Therapeutic potential
In our investigation we unexpectedly observed that EF+pPD1:: ΔbacAB is defective in conjugation. The mechanism behind the effect of the ΔbacAB mutation on pPD1 conjugation is currently not known. Complementation of ΔbacAB allele ectopically restored bac-21 production, colonization and competition, but not conjugation. Using this complementing strain (therapeutic strain- EF+pPD1:: ΔbacAB bacA-E+) that can produce Bac-21 but is defective in conjugation, we assessed its ability to outcompete vancomycin-resistant E. faecalis (V583) in mice (Fig. 2). This strategy eliminated the risk for the transfer of bacteriocin production to the multidrug resistant strain of enterococci, V583. Using our colonization model, we colonized mice with V583, followed by administration of the therapeutic strain. Compared to the control group, V583 levels in the challenged mice were below the detection limit in most of the animals, effectively clearing or suppressing colonization by this multidrug-resistant E. faecalis strain.

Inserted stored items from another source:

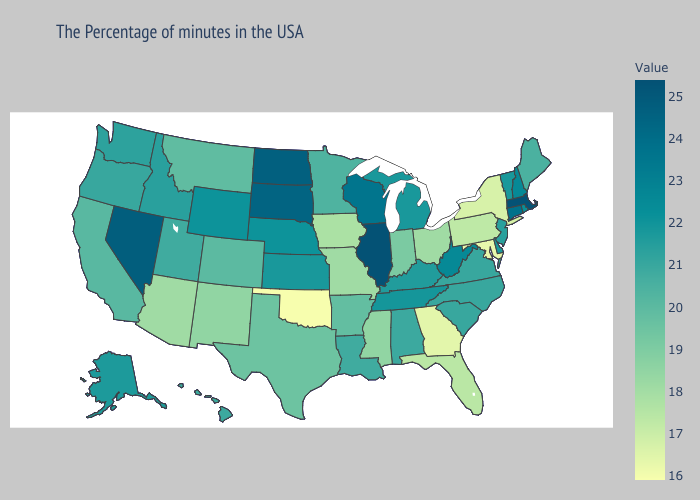Does Oregon have a higher value than Nebraska?
Short answer required. No. Does Wisconsin have a higher value than Nevada?
Quick response, please. No. 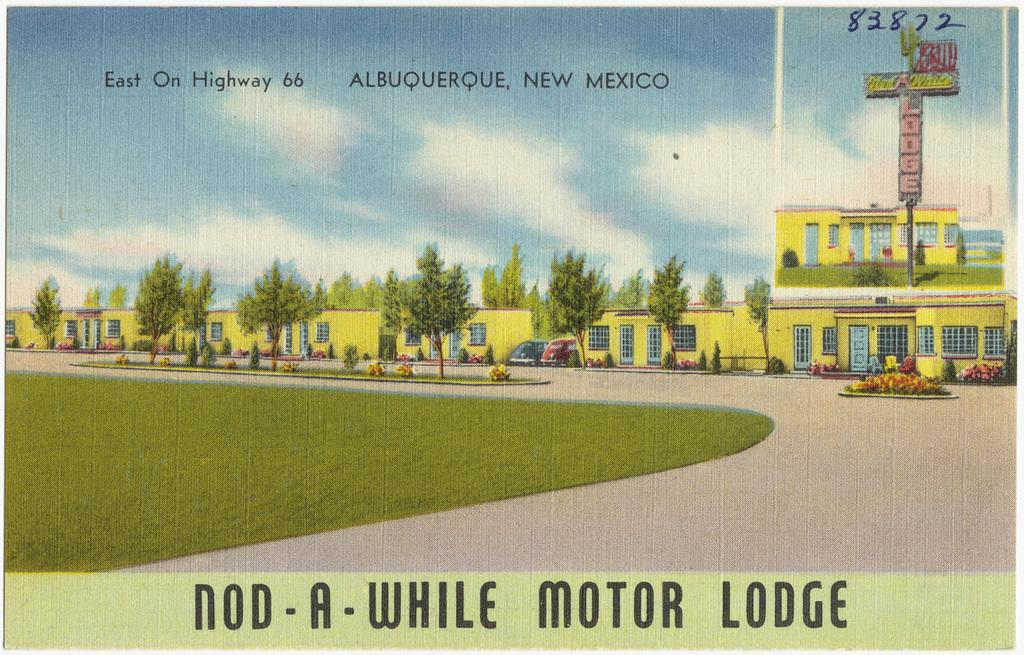<image>
Present a compact description of the photo's key features. Postcard showing a row of yellow bulidings and "Nod-A-While Motor Lodge" near the bottom. 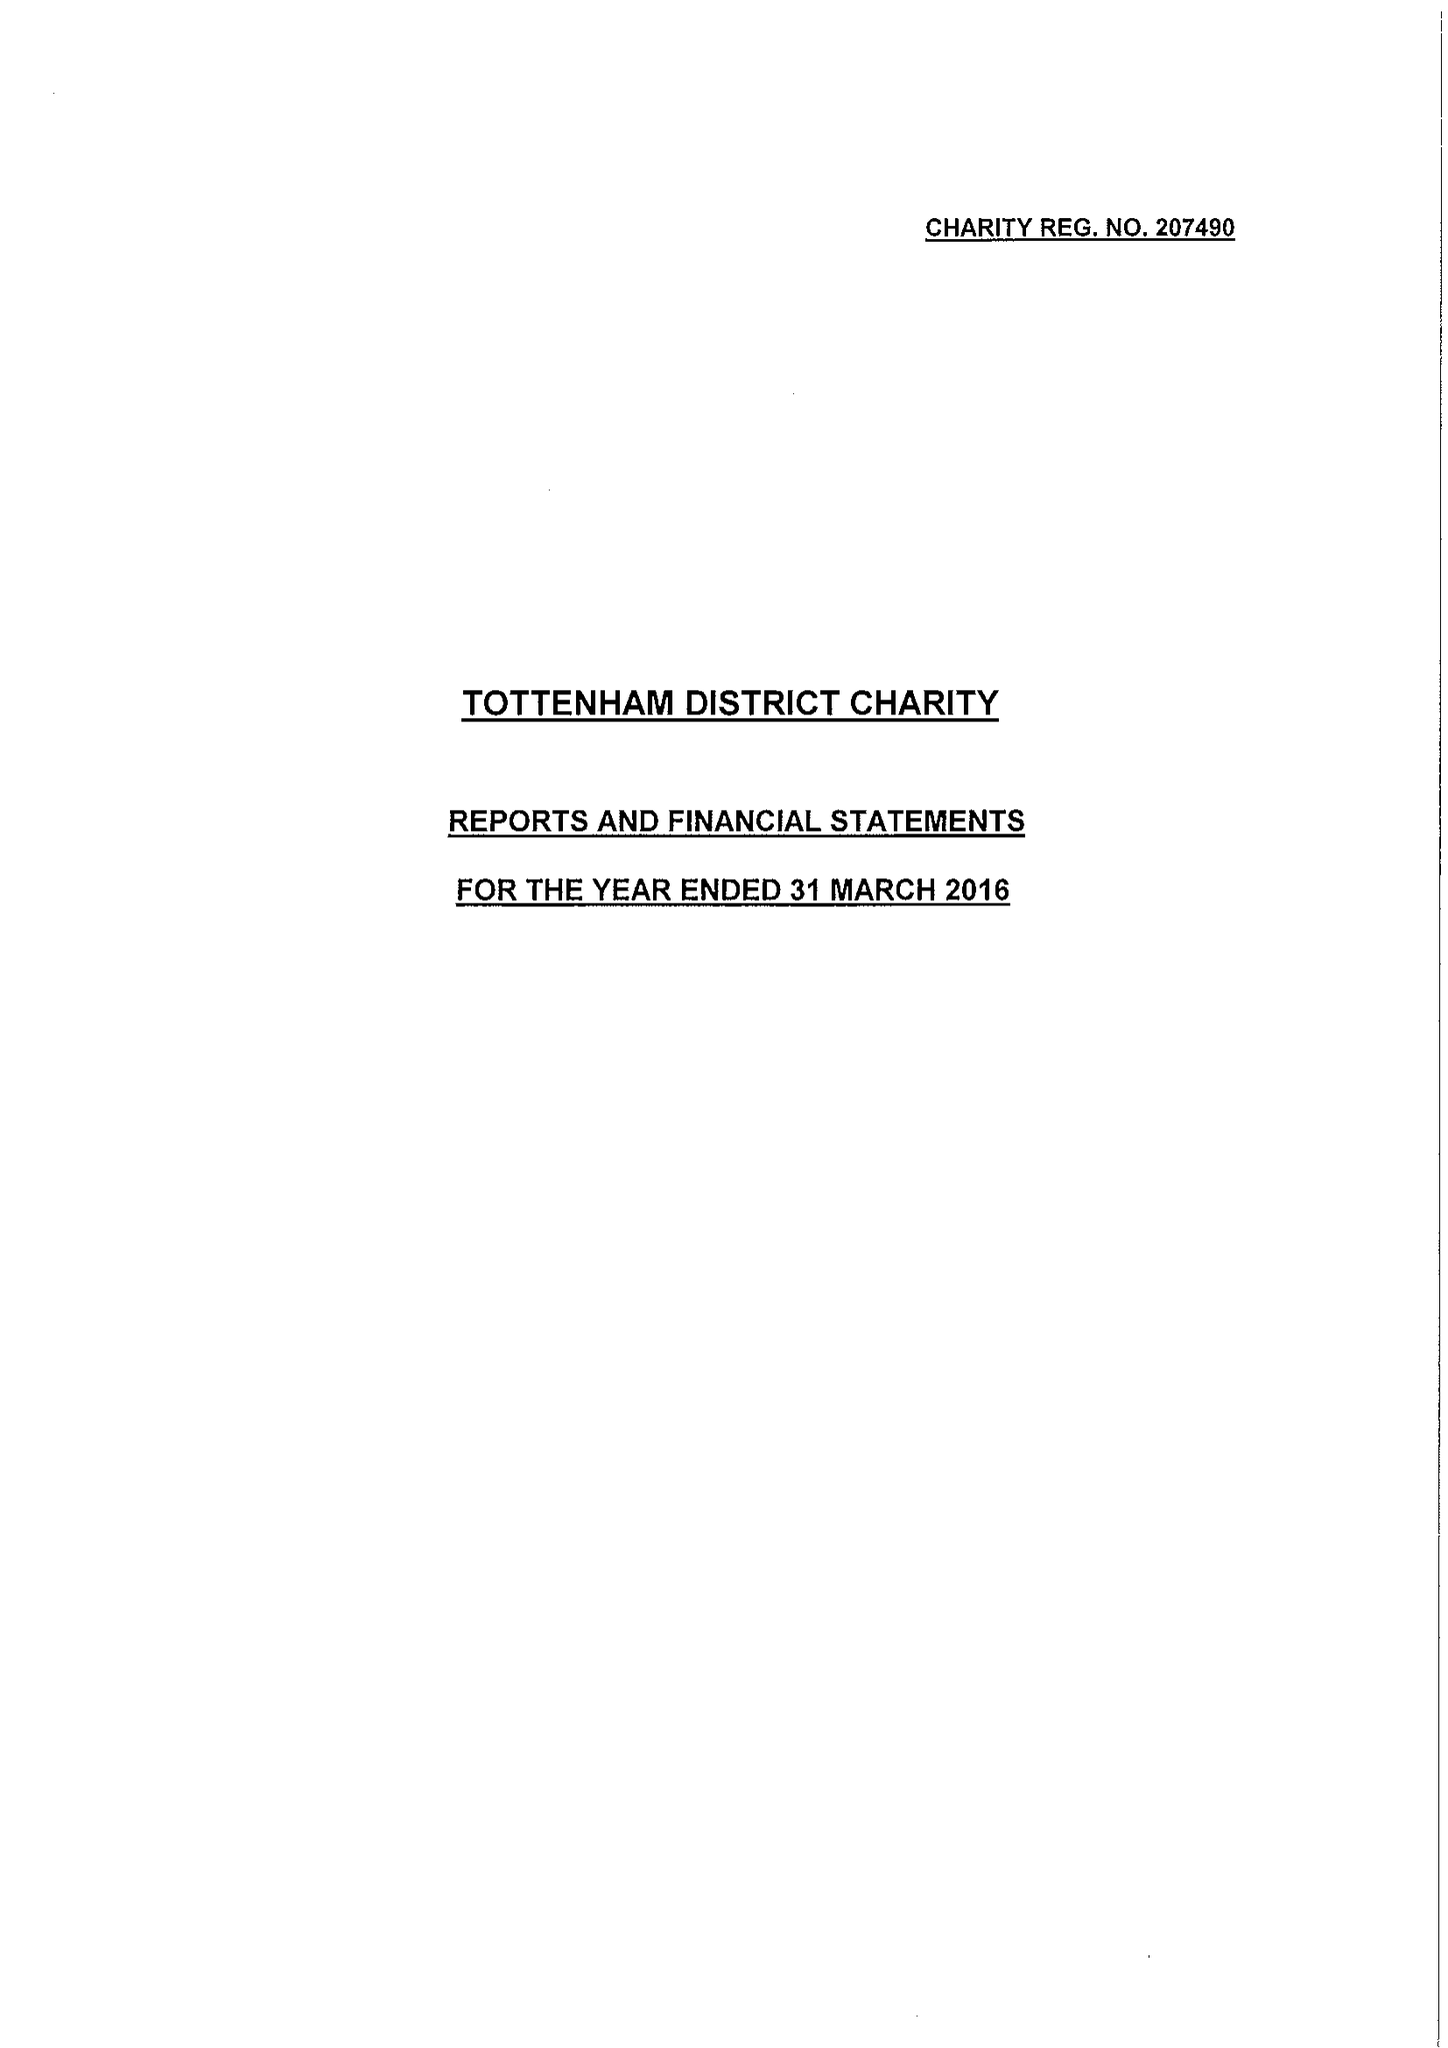What is the value for the address__postcode?
Answer the question using a single word or phrase. N22 8HQ

In addition, bacteriocin traits were not transferred to the V583. These results demonstrate that introducing a conjugation impaired Bac-21 producing strain into the GI tract can successfully reduce V583 colonization in the GI tract without profound effect on the microbiota, unlike conventional antibiotic treatment strategies (Fig. 2). This study provides critical proof-of-concept that bacteriocin-expressing enterococci are capable of eliminating other antibiotic-resistant enterococci from the GI tract, which can be one important component of a novel therapeutic strategy. However, more work is necessary to fully realize the potential of this therapeutic strategy. For example, stable colonization by a bacteriocin-producing EF strain (after decolonization of the antibiotic-resistant target) may allow the bacteriocin producer to acquire new antibiotic resistant traits from other community members, rendering the bacteriocin producer just as problematic as the original target. Hence, future research on the bacteriocin mode of action and the molecular mechanisms that Bac-21 producing commensal EF use to identify and establish a successful niche for intestinal colonization will be critical for the development of bacteriocin-delivery strains that are unable to establish stable, long-term colonization of the gut but are nevertheless capable of efficiently decolonizing targeted antibiotic-resistant enterococci.
Disclosure of potential conflicts of interest
No potential conflicts of interest were disclosed.